Contrary to what was said above, Oracle has had stats-based query optimization since at least V7; IDK how the query optimization compares with DB2 (although I've managed to write some some slow queries in both languages that benefitted from simple re-arrangement), but one thing I have learned - DB2 makes the query plan when a statement is compiled, and doesn't change it thereafter. Oracle makes the query plan at execution time (and caches it for efficiency) this means that if the nature of your data changes, or you add new indices, you have to re-compile the queries stored in DB2 or it will continue to use inefficient query plans. I consider this extremely stupid.
There was an excellent shareware developer/admin tool for Oracle called TOAD, that did pretty much everything you could want; I'd kill for something similar for DB2.
Oracle's docs are also much more usable, and (most importantly of all) there's a pile of good O'Reilly books covering all aspects of using Oracle.
Yes, but did you also notice that SGI supplied 44x the ammount of storage that was required, Compaq only supplied 13x. I.e to put then level you could decrease the SGI cost from 300k to 100k. They also supplied a 30K UPS, which Compaq didn't bother to include. The whole system was overspec'ed, and not in directions that actually aid the performance.
(you don't need 4 monitors to run a DB server, for example...)
FP.
-
--
Also FatPhil on SoylentNews, id 863
There are a lot of problems with coming out and saying that Linux is the hands-down winner of this benchmark. The first problem is that the Linux system has twice as many processors as the next system down. The second problem is that the system costs twice as much as the next runner up. For these reasons alone it is foolhardy to immediately claim that Linux is now the undisputed heavyweight champion of the database world.
However, the story is more than that. The most important thing to notice is not that Linux is at the top, or the number of processors is so high, or even that the cost is exorbitant. The important thing is the Linux is a contender at all. This is an OS that hasn't until recently gotten a lot of respect. That Linux can "keep up with the big boys", it shows that it is certainly capable of handling the computing needs of the corporate community.

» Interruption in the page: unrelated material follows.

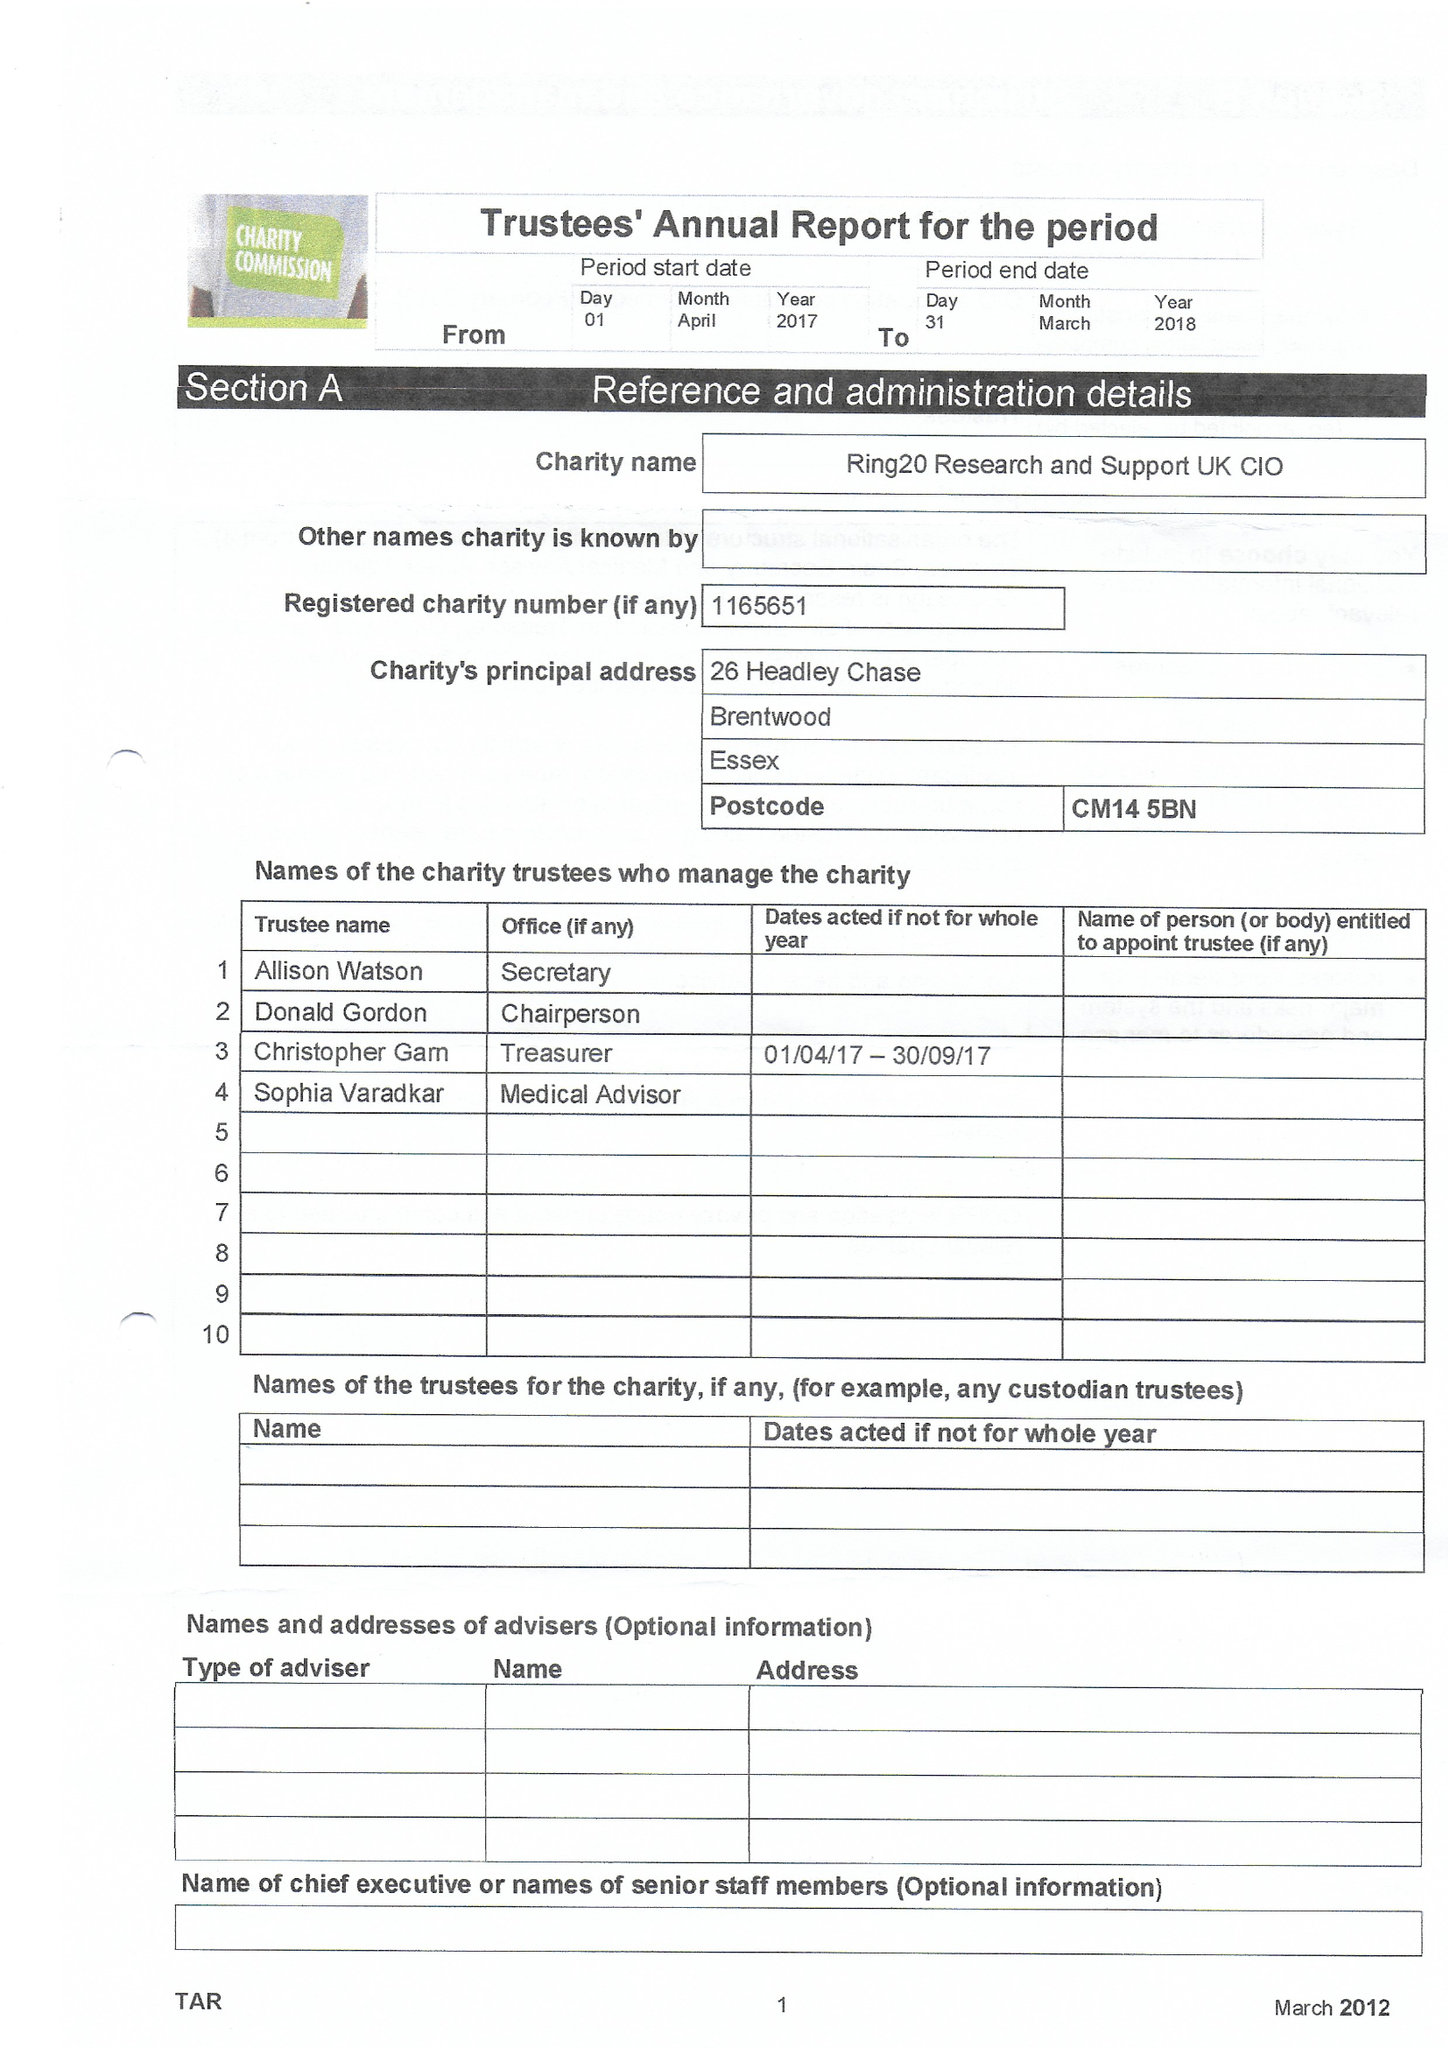What is the value for the report_date?
Answer the question using a single word or phrase. 2018-03-31

Of course, if you live by the benchmark, you die by the benchmark. Linux apologists would do well to acknowledge that it only breaks the world record because the hardware is twice as powerful as the next OS's. However, they can still crow about the significant progress that Linux has made over its relatively short lifetime. What other OS has gone from 0 to 60 in such a short time?
Dancin Santa
but a 3TB category! I realize that several companies have tons of data, but to create a category for 3TB DBs? Holy crap!
I work for a storage solution company and it's becoming very common for even modest organizations like universities to start scoping out needs at the 1TB level.
Why is storage still such a booming business in spite of the economy's twist and turns? Just check out your own habits and what the law and generally accepted "good" practice is: there's usually a disincentive to throw any data away.
It's worth someone's time to index and archive all of those trolls and modded down posts -- gotta give those attorney's something interesting to read.